-- Supplied records --

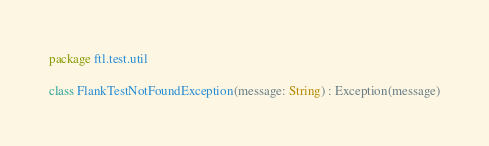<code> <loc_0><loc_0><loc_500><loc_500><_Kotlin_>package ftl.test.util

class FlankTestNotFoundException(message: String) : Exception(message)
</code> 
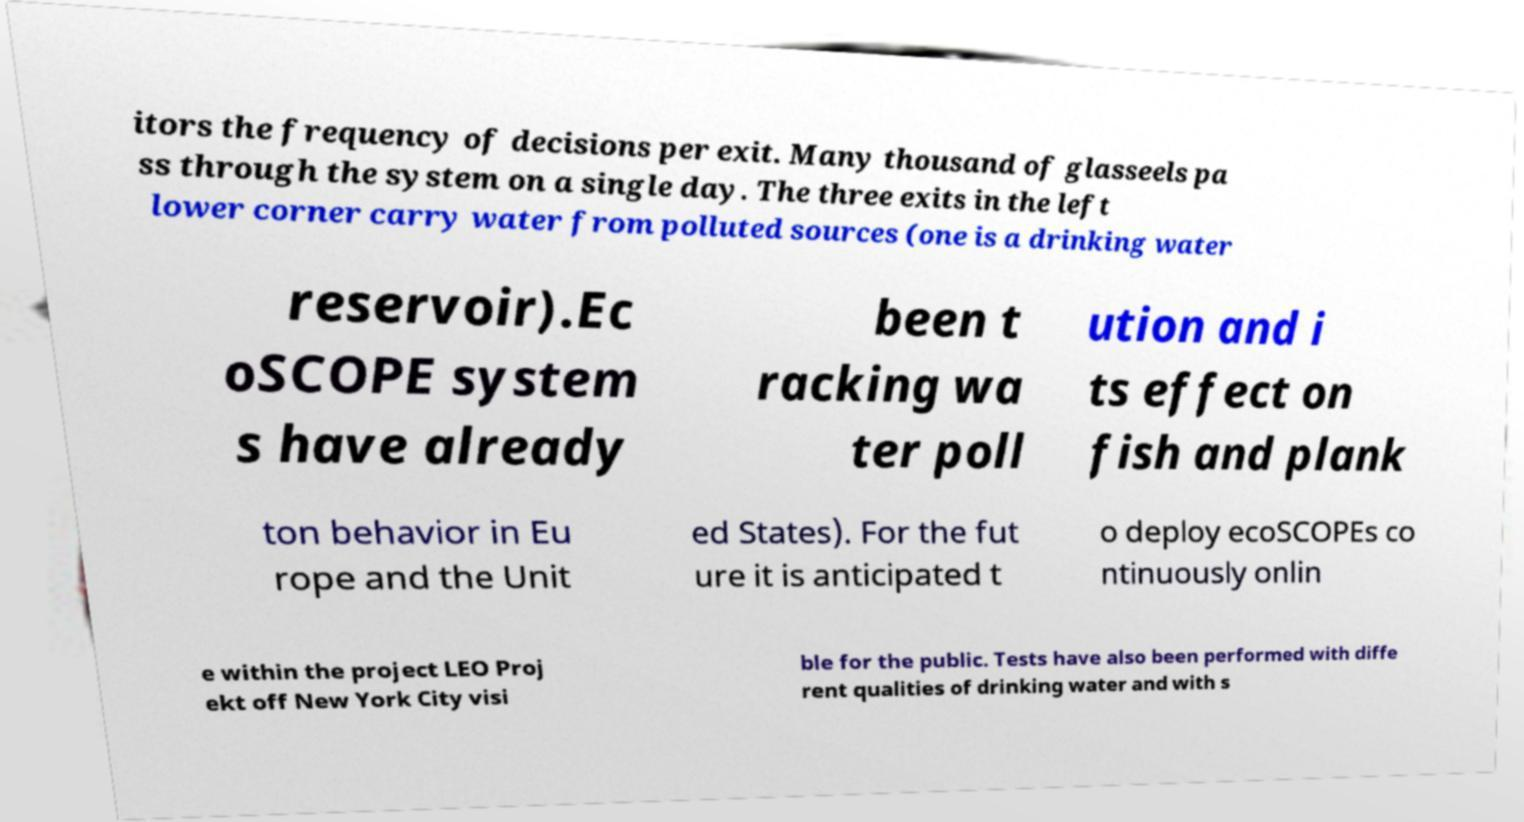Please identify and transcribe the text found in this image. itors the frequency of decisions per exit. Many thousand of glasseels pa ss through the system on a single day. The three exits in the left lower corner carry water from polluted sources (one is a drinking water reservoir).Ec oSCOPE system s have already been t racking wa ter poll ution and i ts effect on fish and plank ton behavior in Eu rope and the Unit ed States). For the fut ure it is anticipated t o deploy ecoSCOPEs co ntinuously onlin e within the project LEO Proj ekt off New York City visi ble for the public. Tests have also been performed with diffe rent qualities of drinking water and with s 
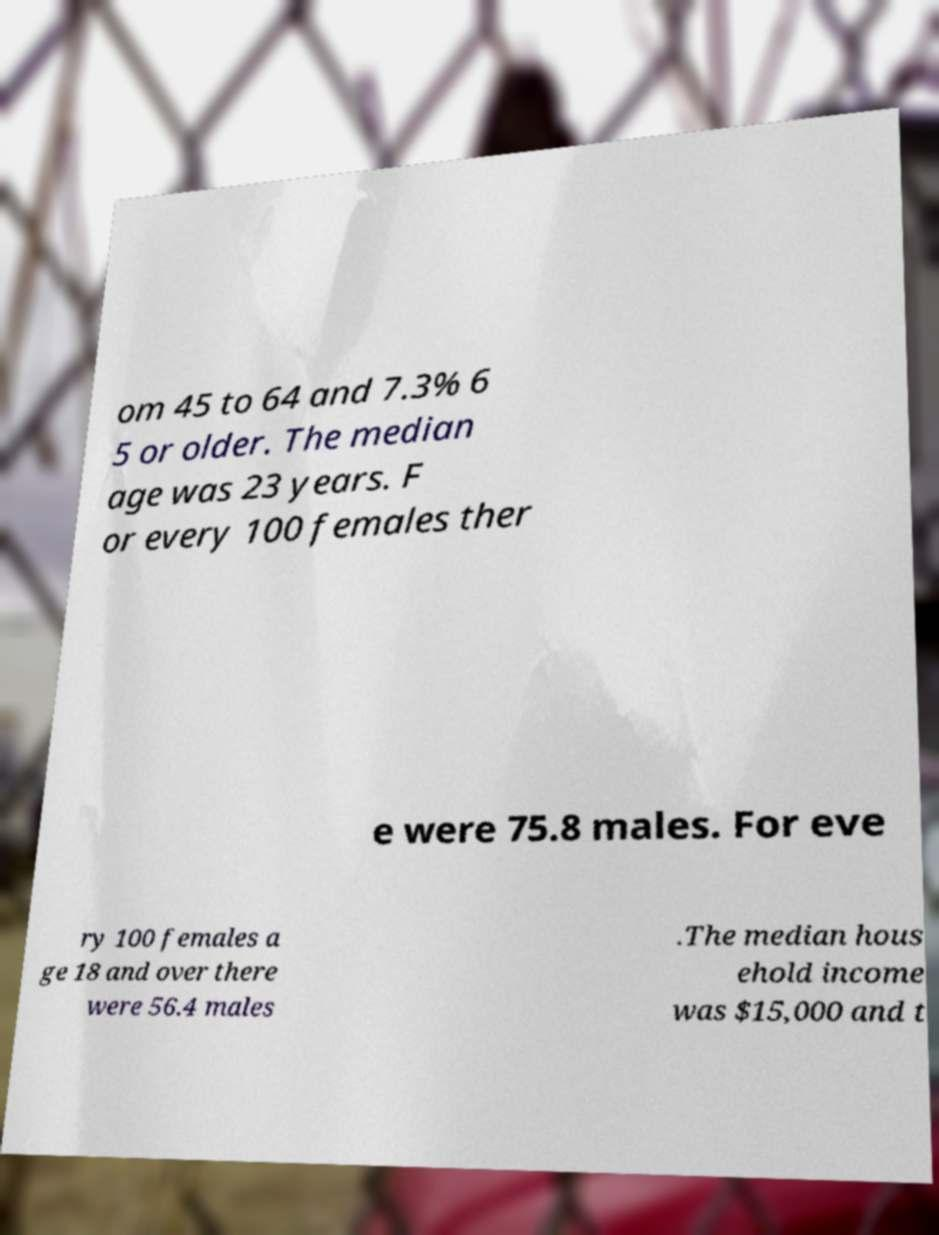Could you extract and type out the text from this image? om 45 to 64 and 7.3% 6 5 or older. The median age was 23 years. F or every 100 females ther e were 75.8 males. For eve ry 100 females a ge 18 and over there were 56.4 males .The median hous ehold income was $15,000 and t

-- Action item --
What is needed is the listing above, repeated verbatim, without its images.

-- Your response --
<code> <loc_0><loc_0><loc_500><loc_500><_Kotlin_>package ftl.test.util

class FlankTestNotFoundException(message: String) : Exception(message)
</code> 
Please identify and transcribe the text found in this image. itors the frequency of decisions per exit. Many thousand of glasseels pa ss through the system on a single day. The three exits in the left lower corner carry water from polluted sources (one is a drinking water reservoir).Ec oSCOPE system s have already been t racking wa ter poll ution and i ts effect on fish and plank ton behavior in Eu rope and the Unit ed States). For the fut ure it is anticipated t o deploy ecoSCOPEs co ntinuously onlin e within the project LEO Proj ekt off New York City visi ble for the public. Tests have also been performed with diffe rent qualities of drinking water and with s 
Could you extract and type out the text from this image? om 45 to 64 and 7.3% 6 5 or older. The median age was 23 years. F or every 100 females ther e were 75.8 males. For eve ry 100 females a ge 18 and over there were 56.4 males .The median hous ehold income was $15,000 and t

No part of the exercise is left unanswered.